<<<<

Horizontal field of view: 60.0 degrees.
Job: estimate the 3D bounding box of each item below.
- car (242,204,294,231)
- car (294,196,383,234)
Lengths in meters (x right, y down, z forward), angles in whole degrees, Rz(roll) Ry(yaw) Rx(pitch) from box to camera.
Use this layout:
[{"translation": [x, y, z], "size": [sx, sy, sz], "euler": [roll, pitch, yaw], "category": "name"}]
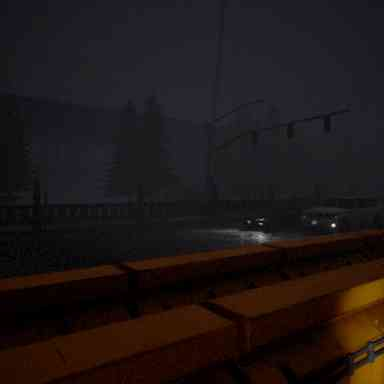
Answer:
[{"translation": [5.264, 1.507, 20.613], "size": [4.892, 1.490, 1.837], "euler": [1, 0, -35], "category": "car"}, {"translation": [8.507, 1.223, 18.624], "size": [5.566, 2.045, 2.150], "euler": [0, 0, -35], "category": "car"}]
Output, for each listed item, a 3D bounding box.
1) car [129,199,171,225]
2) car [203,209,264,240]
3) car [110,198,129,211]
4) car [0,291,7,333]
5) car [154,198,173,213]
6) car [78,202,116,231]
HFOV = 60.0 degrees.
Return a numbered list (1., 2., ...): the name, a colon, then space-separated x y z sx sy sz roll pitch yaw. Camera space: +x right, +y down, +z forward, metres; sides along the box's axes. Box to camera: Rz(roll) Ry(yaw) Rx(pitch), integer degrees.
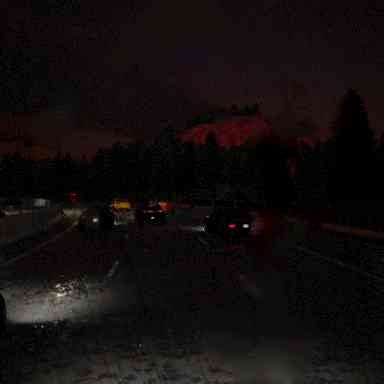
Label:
1. car: -3.199 1.525 24.474 2.128 1.511 4.902 0 0 -14
2. car: 1.949 1.560 17.203 2.033 1.411 5.357 0 0 -10
3. car: -9.164 1.547 41.817 1.882 1.535 5.008 0 0 -24
4. car: -3.625 1.518 3.008 1.837 1.490 4.892 0 0 -2
5. car: -3.681 1.402 37.630 2.097 1.767 4.553 0 0 -21
6. car: -6.036 1.603 21.206 1.994 1.385 4.181 0 0 -12
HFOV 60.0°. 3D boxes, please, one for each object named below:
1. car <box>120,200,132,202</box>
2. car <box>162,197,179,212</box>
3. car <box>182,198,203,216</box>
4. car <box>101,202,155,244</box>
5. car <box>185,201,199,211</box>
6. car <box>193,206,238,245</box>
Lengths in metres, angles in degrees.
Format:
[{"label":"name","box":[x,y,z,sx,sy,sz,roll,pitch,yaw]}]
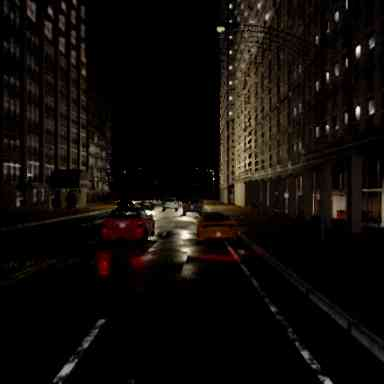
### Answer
[{"label":"car","box":[-9.819,1.936,48.718,2.097,1.767,4.553,0,-1,0]},{"label":"car","box":[-3.142,1.807,49.028,2.150,2.045,5.566,0,-1,0]},{"label":"car","box":[0.034,1.683,38.078,2.150,2.045,5.566,0,-1,1]},{"label":"car","box":[-3.147,1.562,17.158,2.097,1.767,4.553,0,-1,0]},{"label":"car","box":[0.009,2.171,50.654,1.994,1.385,4.181,0,-1,0]},{"label":"car","box":[1.140,1.684,16.781,1.882,1.535,5.008,0,-1,0]}]
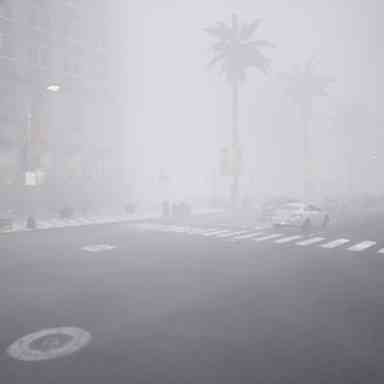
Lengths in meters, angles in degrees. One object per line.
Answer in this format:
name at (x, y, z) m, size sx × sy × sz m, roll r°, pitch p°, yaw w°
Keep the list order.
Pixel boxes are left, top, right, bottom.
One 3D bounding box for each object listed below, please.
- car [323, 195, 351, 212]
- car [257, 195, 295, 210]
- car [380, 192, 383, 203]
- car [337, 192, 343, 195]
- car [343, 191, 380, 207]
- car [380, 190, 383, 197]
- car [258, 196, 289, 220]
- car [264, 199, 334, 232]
car at (13.185, 1.232, 31.765) m, size 1.895 × 1.301 × 4.718 m, roll -1°, pitch 0°, yaw 43°
car at (9.524, 1.182, 37.503) m, size 2.161 × 1.482 × 4.786 m, roll -1°, pitch 0°, yaw 42°
car at (26.799, 0.937, 46.251) m, size 1.895 × 1.301 × 4.718 m, roll -1°, pitch 0°, yaw 43°
car at (24.552, 0.697, 53.470) m, size 2.185 × 1.767 × 4.553 m, roll -1°, pitch 0°, yaw 42°
car at (19.947, 0.836, 38.983) m, size 2.097 × 1.767 × 4.553 m, roll -1°, pitch 0°, yaw 43°
car at (44.392, 0.391, 75.131) m, size 2.231 × 1.521 × 4.892 m, roll -1°, pitch 0°, yaw 42°
car at (6.851, 1.274, 24.997) m, size 1.837 × 1.490 × 4.892 m, roll -1°, pitch 0°, yaw 43°
car at (6.187, 1.332, 18.886) m, size 1.812 × 1.442 × 4.674 m, roll -1°, pitch 0°, yaw 41°

>>>>

__Work to complete__: In the records above, how many lines include "right"? Answer with the number alone.

__Reply to the task__: 3